Several British and US civilians are stuck in a lifeboat in the North Atlantic after their ship and a U-boat sink each other in combat. Willi (Walter Slezak), a German survivor, is pulled aboard and denies being an enemy officer. During an animated debate, Kovac (John Hodiak) demands the German be thrown out and allowed to drown. However, cooler heads prevail, with Garrett (Hume Cronyn) and columnist Connie Porter (Tallulah Bankhead) asserting the German's prisoner of war status, and he is allowed to stay.

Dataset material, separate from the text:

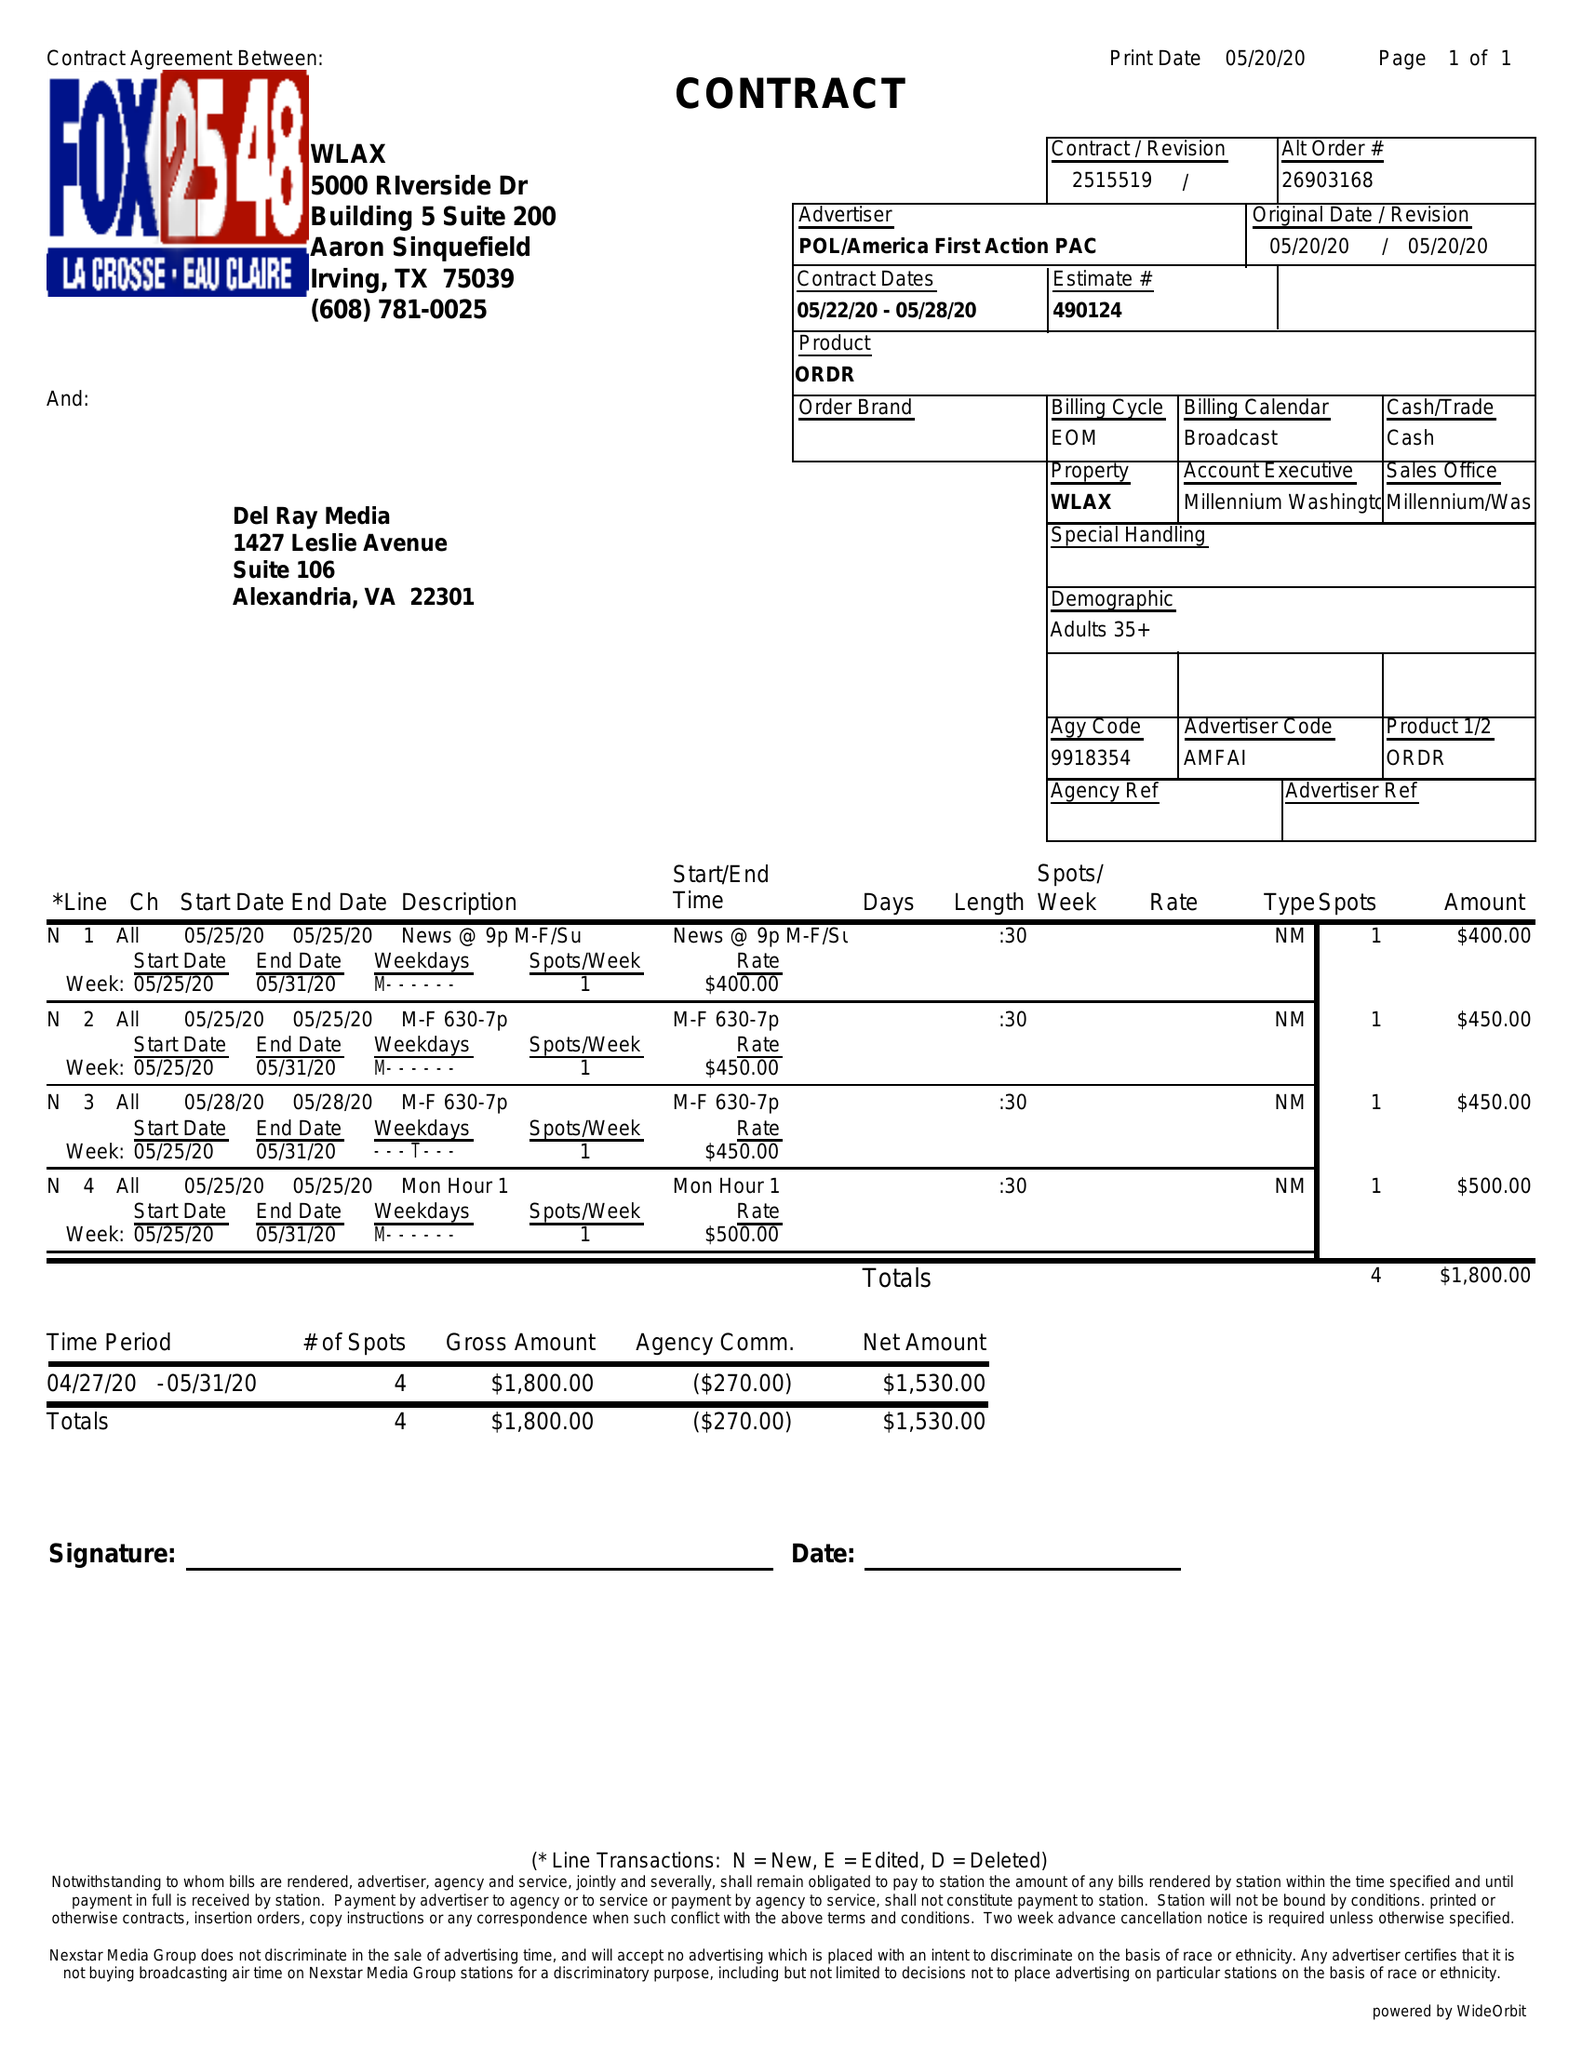What is the value for the flight_from?
Answer the question using a single word or phrase. 05/22/20

One passenger, an infant, dies almost immediately after boarding. His mother is a young British woman (Heather Angel), who, after being treated by a nurse (Mary Anderson), must be tied down to stop her from hurting herself. The woman sneaks off the boat while the other passengers sleep, drowning herself in the night.

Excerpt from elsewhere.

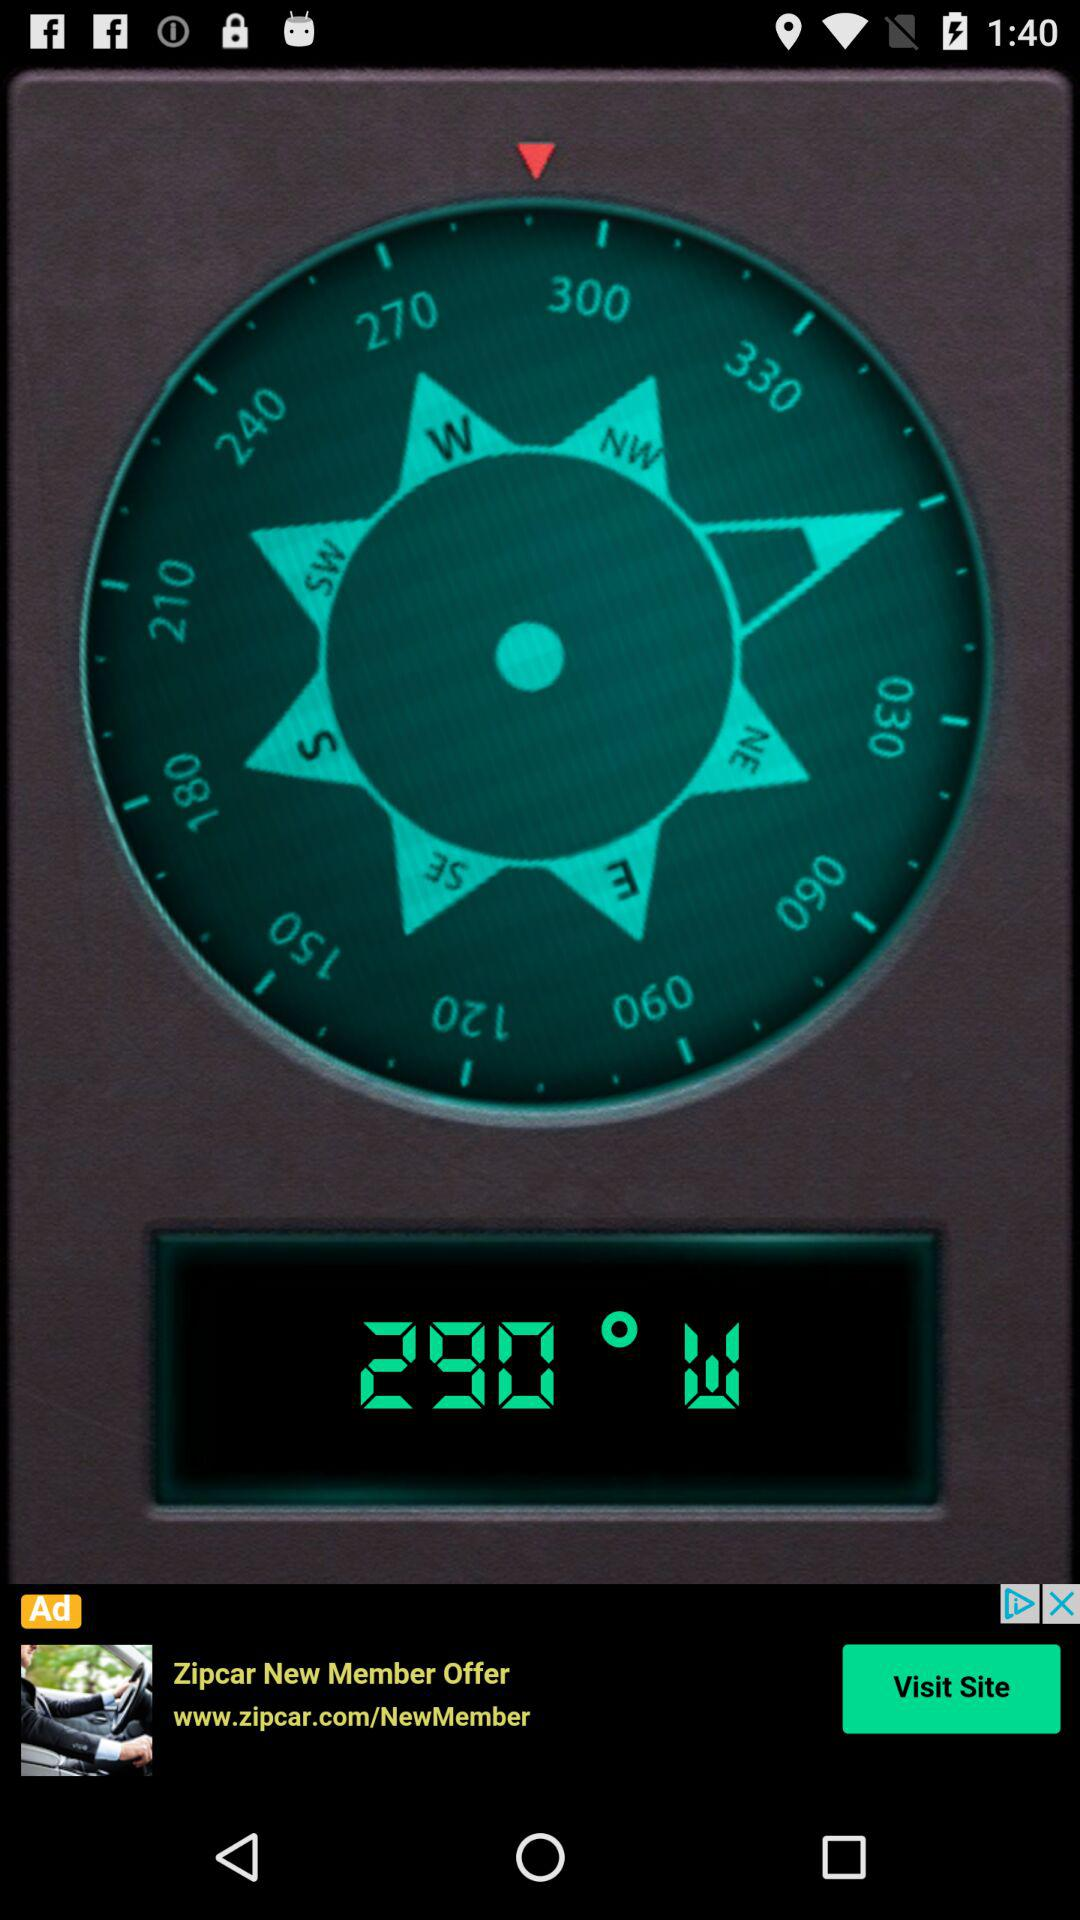What is the direction of the angle? The direction of the angle is west.

The film then follows the lifeboat inhabitants as they attempt to organize their rations, set a course for Bermuda, and coexist as they try to survive. The characters start out being good-natured, cooperative, and optimistic about rescue. However, they descend into desperation, dehydration, and frustration with each other. The back stories of the characters are examined, and divisions of race, religion, sex, class, and nationality are brought to the surface. The passengers also cooperate through this stress, such as when they must amputate the leg of one of their boatmates due to gangrene.

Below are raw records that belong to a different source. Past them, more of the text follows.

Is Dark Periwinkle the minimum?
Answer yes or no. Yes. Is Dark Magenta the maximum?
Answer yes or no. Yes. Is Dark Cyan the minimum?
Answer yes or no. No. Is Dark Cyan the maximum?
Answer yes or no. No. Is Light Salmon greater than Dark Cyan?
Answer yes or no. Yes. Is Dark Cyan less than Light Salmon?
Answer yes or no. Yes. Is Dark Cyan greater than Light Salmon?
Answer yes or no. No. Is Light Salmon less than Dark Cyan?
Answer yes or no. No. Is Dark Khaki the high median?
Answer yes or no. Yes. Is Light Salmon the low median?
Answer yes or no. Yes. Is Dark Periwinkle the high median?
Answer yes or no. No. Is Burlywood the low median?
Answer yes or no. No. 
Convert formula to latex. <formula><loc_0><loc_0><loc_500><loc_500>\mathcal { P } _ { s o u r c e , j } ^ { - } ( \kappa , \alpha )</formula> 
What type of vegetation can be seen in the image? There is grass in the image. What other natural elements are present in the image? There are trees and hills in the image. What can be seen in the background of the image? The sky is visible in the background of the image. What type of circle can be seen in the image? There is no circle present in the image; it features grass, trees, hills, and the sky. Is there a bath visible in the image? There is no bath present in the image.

Kovac takes charge, rationing the little food and water they have, but Willi gradually takes control away from him. Willi is later revealed to be the U-boat captain. One morning, while the others are sleeping, the injured German-American Gus Smith (Bendix) catches Willi drinking water from a hidden flask. Too delirious and weak to wake anybody up, Gus is pushed overboard by Willi and drowns while the others sleep. Upon waking, the others discover Gus missing and Willi is questioned. When they notice that the German is sweating, the other passengers discover the hoarded flask in his jacket. In a spasm of anger they descend upon him as a group, beat him, and throw him overboard, striking him multiple times with Gus's boot to prevent him from re-boarding. Musing on Willi's treachery, Rittenhouse (Hull) asks, "What do you do with people like that?"

The survivors are subsequently spotted by the German supply ship to which Willi had been steering them. Before a launch can pick them up, both the supply ship and rescue-lifeboat are sunk by an Allied warship. A frightened young German seaman is pulled aboard the lifeboat. He pulls a gun on the boat occupants but is surprised and disarmed. He asks in German, "Aren't you going to kill me?" The film ends with surviving passengers arguing about keeping the new German sailor aboard or throwing him off to drown as they await the Allied vessel to rescue them. Again the question is asked, "What do you do with people like that?"